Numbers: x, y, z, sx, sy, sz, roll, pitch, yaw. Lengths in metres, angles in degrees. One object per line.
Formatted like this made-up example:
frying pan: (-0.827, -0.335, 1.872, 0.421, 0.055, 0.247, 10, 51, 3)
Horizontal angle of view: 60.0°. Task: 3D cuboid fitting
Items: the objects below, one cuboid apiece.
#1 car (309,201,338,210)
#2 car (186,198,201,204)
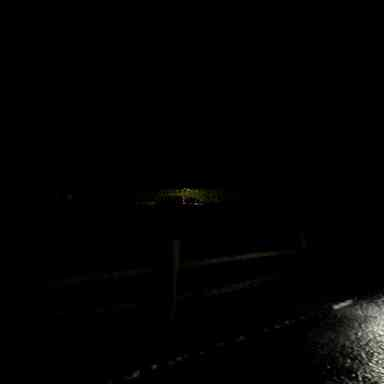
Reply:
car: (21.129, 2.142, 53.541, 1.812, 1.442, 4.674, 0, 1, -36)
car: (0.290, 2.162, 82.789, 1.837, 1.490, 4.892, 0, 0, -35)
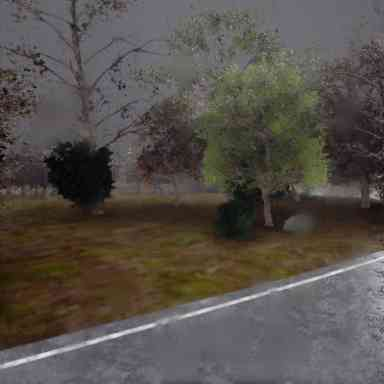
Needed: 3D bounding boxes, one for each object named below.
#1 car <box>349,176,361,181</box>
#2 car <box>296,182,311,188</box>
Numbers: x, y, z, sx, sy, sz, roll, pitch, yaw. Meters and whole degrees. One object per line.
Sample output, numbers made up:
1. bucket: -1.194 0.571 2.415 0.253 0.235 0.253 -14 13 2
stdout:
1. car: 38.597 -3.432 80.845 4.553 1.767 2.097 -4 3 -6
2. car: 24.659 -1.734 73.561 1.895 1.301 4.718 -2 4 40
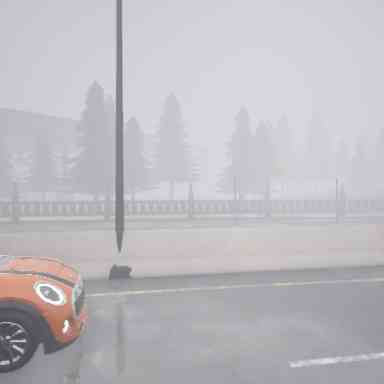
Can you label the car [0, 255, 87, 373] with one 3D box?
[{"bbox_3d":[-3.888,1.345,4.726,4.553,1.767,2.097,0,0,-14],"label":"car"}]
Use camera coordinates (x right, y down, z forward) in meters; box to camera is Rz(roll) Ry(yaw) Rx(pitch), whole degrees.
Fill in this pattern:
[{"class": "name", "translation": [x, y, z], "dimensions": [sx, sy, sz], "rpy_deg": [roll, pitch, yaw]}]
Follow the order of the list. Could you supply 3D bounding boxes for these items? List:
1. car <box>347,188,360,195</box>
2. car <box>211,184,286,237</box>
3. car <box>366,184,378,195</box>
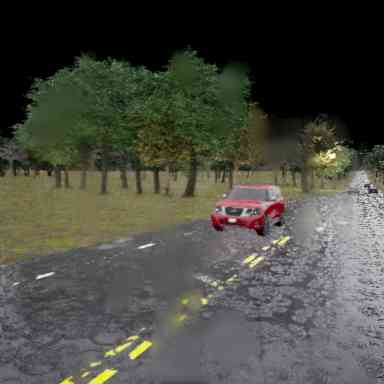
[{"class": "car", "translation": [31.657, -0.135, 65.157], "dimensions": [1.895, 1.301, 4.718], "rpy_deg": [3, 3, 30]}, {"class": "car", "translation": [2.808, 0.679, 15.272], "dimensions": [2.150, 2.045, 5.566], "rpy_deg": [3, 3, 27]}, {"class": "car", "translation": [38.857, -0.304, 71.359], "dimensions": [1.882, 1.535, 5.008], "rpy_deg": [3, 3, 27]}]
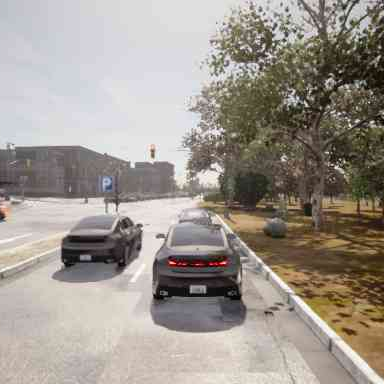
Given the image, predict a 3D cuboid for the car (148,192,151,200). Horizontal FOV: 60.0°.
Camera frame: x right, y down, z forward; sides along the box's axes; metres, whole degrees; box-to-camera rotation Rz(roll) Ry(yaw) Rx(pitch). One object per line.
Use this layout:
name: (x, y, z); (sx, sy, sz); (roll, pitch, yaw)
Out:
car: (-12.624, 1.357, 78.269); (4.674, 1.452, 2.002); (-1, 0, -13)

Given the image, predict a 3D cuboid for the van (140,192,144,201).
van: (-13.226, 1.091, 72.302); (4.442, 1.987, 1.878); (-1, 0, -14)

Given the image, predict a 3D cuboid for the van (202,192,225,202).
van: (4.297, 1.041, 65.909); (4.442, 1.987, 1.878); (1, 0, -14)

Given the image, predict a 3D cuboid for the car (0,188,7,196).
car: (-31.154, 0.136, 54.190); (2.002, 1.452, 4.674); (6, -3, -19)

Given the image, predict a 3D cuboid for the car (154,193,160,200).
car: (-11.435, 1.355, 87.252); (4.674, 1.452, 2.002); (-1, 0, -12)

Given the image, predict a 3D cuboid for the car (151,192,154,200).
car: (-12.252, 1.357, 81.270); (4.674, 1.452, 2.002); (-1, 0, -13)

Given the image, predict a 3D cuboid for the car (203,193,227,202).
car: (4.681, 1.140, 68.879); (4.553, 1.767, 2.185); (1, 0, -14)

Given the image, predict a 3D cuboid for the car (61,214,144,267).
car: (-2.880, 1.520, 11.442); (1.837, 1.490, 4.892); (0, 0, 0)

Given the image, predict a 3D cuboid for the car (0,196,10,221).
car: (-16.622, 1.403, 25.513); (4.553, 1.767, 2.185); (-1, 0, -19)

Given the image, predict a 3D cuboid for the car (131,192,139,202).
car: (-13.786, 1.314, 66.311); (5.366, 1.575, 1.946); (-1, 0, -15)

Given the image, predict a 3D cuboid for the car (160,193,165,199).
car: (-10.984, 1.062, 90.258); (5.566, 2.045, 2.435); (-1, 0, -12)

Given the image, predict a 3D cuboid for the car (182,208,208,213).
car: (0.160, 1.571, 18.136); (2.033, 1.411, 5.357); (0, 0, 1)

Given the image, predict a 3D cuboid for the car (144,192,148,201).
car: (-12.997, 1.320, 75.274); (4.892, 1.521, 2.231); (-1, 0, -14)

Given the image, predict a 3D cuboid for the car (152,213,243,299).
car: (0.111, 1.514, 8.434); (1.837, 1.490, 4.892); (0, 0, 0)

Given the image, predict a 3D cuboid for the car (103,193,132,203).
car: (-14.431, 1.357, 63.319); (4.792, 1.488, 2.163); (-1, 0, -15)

- - - - -

» Exercise: Starting with the first line of the data above, write out each line exactly up to and including the line that holds "#2 car <box>296,182,311,188</box>". Pictures stay out.

» Task result:
Numbers: x, y, z, sx, sy, sz, roll, pitch, yaw. Lengths in metres, angles in degrees. One object per line.
Formatted like this made-up example:
frying pan: (-0.827, -0.335, 1.872, 0.421, 0.055, 0.247, 10, 51, 3)
Horizontal angle of view: 60.0°. Task: 3D cuboid fitting
Items: the objects below, one cuboid apiece.
#1 car (309,201,338,210)
#2 car (186,198,201,204)
Reply:
car: (21.129, 2.142, 53.541, 1.812, 1.442, 4.674, 0, 1, -36)
car: (0.290, 2.162, 82.789, 1.837, 1.490, 4.892, 0, 0, -35)
Needed: 3D bounding boxes, one for each object named below.
#1 car <box>349,176,361,181</box>
#2 car <box>296,182,311,188</box>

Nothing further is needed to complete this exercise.